6年のインターヴァル中も、『THE SECOND SECONDS』(14年/日本では2nd『THE SECOND ONE』にボーナス収録)と『STEALING THE SHOW』(16年)の2枚のEPをリリース。ダニエルはセッション・ギタリストとして、スウェーデンの大物アーティストやカヴァー/トリビュート・バンドと仕事をしていた。

今回の新作『CHALLENGES』にもマイケル・ランドウがゲスト参加。
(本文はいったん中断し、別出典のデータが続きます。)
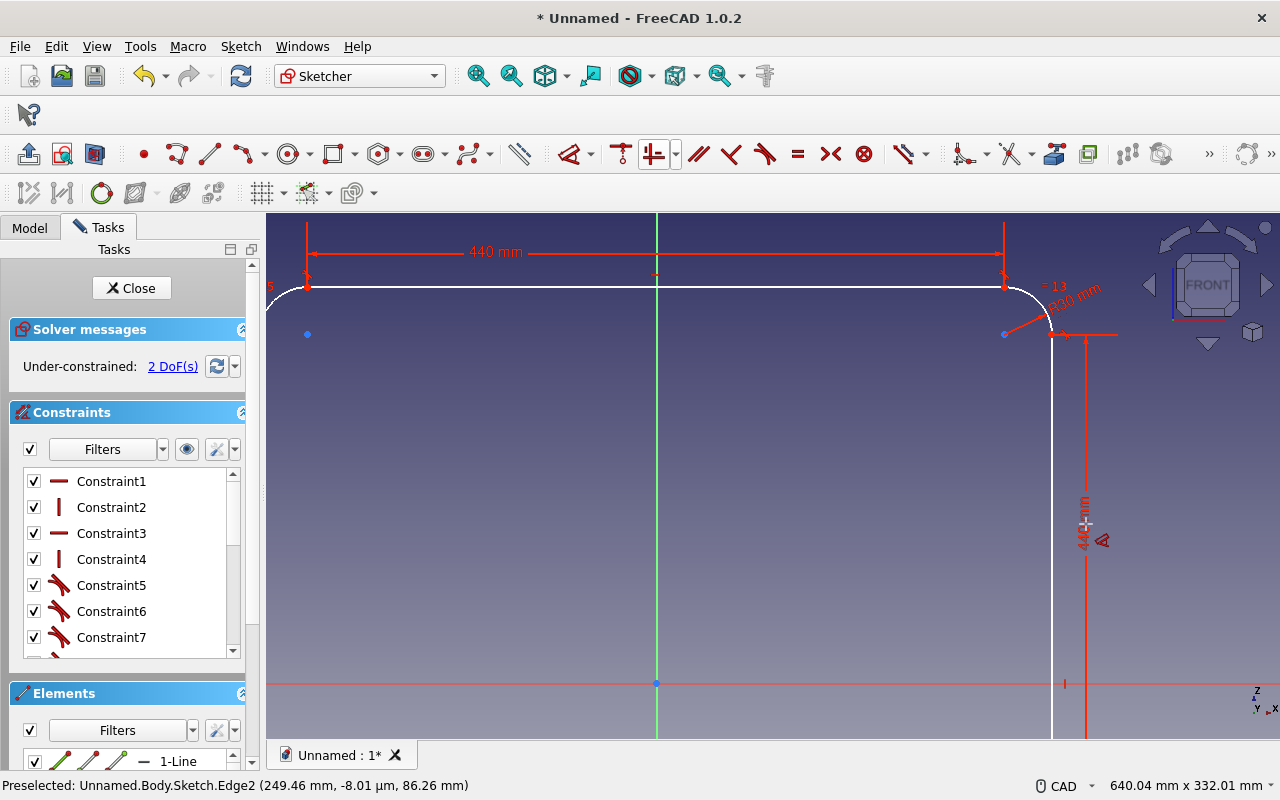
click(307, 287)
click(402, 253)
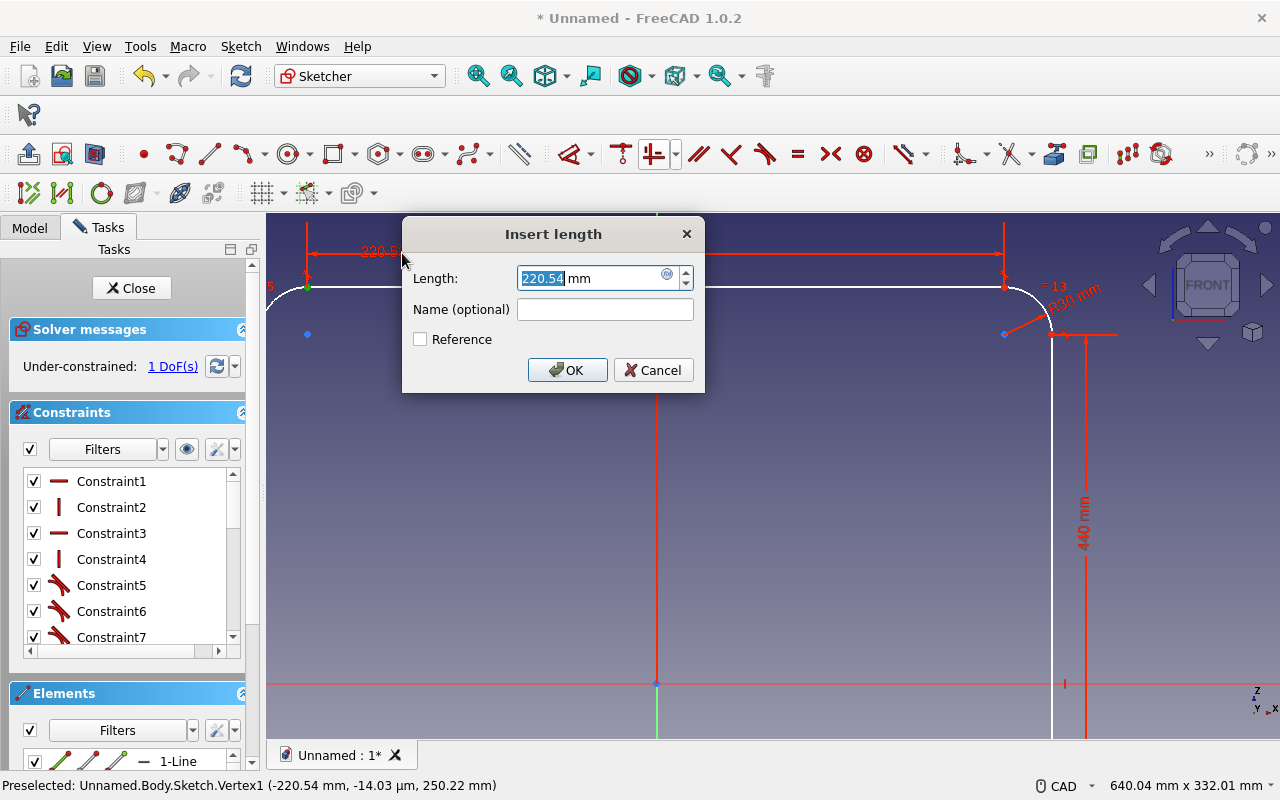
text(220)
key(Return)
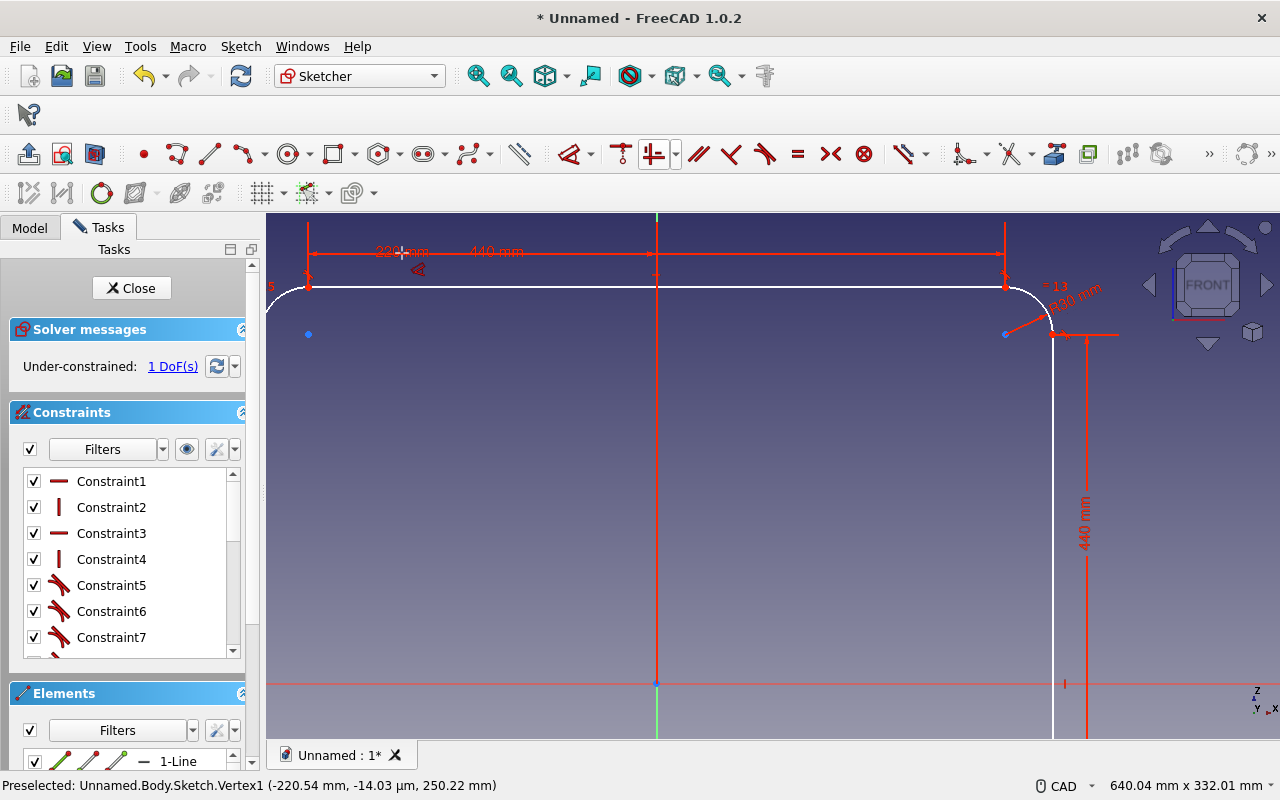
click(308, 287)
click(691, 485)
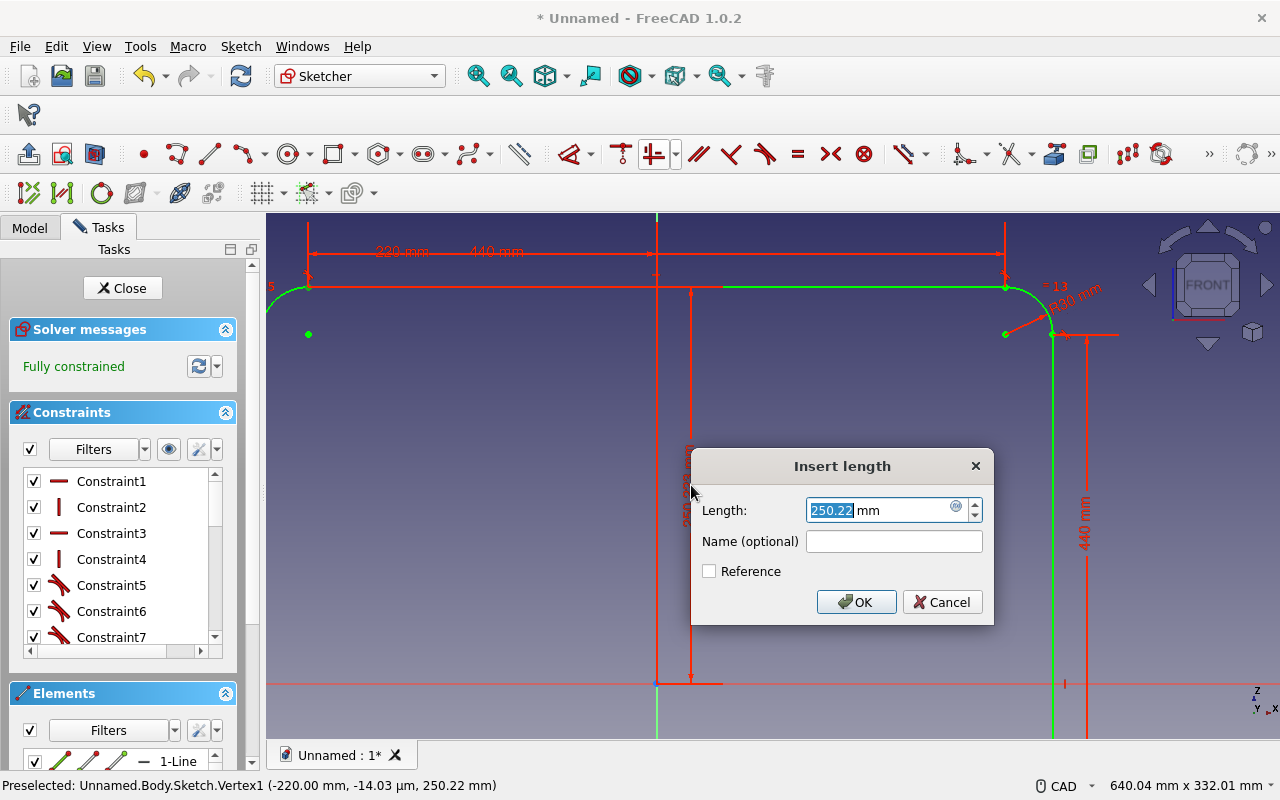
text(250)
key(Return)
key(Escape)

十八番のスティーリー・ダン的楽曲を始め、ちょっぴりペイジス/Mr.ミスター風の展開を見せる<I Got the Message>や<Human Ladders>も収録される。一番話題になりそうなのは、スウェーデン出身の人気DJ/音楽プロデューサーで、18年に劇的な死を遂げたアヴィーチーのカヴァー<Waiting for Love>だ。
「モダンなEDMソングのヨット・ロック化を試みた。ところがこの曲は、僕らが想像していたよりずっとトリッキーなことが分かったんだ。メロディをうまく載せるのと、アレンジに隙間を持たせるのに苦労したよ」(ステファン)
「彼の曲をいろいろ聴いて、この曲なら“西海岸化”を実現できると思った。それにアヴィーチーはあまりにも早く悲劇的に逝ってしまったので、彼へのオマージュでもある」(ダニエル)

日本盤ボーナス・トラックは2曲。うち1曲は何と、TOTOの名曲<Georgie Porgy>のカヴァーだ。元々は10年前にデジタル・リリースしているが、昨年新たにリミックスされ、それをココに収めた。彼らが一緒にL.A.へ交換留学に行っていた頃に録られたものがベースで、ジェイソン・シェフのコーラス以外のトラックは、すべて作り直しているという。

現在はダニエルがスウェーデン、ステファンはギリシャ在住。故にフェイス・トゥ・フェイスの共同作業が減り、その分ステファンが演奏、アレンジ、楽曲の組立てで大きな役割を果たした。彼は今、ステイト・カウズとは別にソロ活動も展開している。完全にスタジオ・ユニットとして活動してきた2人だが、要望が高まればライヴも検討するとのこと。是非とも皆さんで盛り上げて欲しい。